A characterization of adaptive mutations in yeast Gerstein, Aleeza C.

Abstract

Natural selection acts on phenotypes within populations, yet it is allele frequency changes at the genetic level that enable adaptation. To properly understand the evolutionary process we thus need to understand how the genotypic and external environments affect beneficial mutations and, in turn, affect the fitness of individuals. In this thesis I used the budding yeast, Saccharomyces cerevisiae to explore the genotypic basis, phenotypic diversity, and fitness effects of beneficial mutations in a variety of genotypic and external environments. I first describe fitness experiments designed to elucidate the factor that allowed diploid mutants to overtake haploid populations during batch culture evolution. I compared haploid and diploid lines isolated at many time points using multiple growth phase and competitive fitness assays, yet diploids failed to demonstrate an advantage for any measure. I then conducted a related set of experiments that compared the rate of adaptation of haploid and diploid populations across seven different environments. I found that although haploid populations adapted faster than diploids in all environments, there was considerable variation between ploidy populations and among environments. Experimental evolution results can be difficult to explain without knowledge of the specific mutations involved. The remainder of this thesis thus focused on a set of 20 unique beneficial mutations I acquired that confer tolerance to nystatin, a fungicide.
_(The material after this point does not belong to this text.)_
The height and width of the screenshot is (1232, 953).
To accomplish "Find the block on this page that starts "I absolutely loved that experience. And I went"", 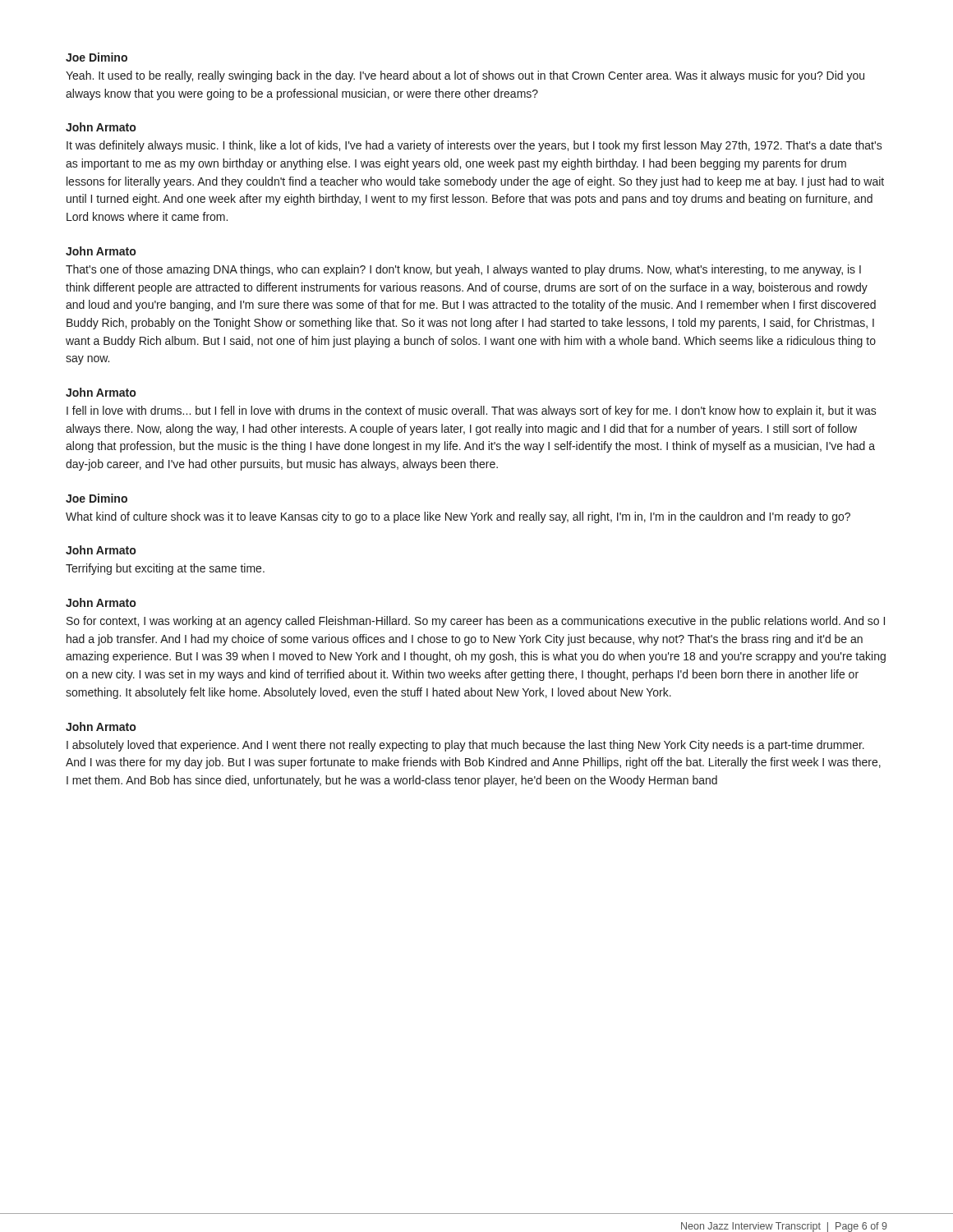I will pyautogui.click(x=473, y=762).

The mutations are in four different genes that act close together late in the ergosterol biosynthesis pathway. Although the genetic basis of adaptation was narrow, lines that carried mutations in different genes were not equally tolerant to nystatin and were found to exhibit different gene-by-environment interactions. Surprisingly, the mutations had a larger effect size in nystatin in a haploid background than in a homozygous diploid background. I then show that the dominance of these mutations (i.e., the degree to which mutations in a heterozygote behave like wildtype) was not constant between environments. Heterozygotes grew stochastically under nystatin stress, and resequencing uncovered rapid and pervasive loss of heterozygosity. Combined, this work demonstrates that both ploidy and the environment can have a large influence on the effect of beneficial mutations and illustrates the often-dynamic nature of evolution.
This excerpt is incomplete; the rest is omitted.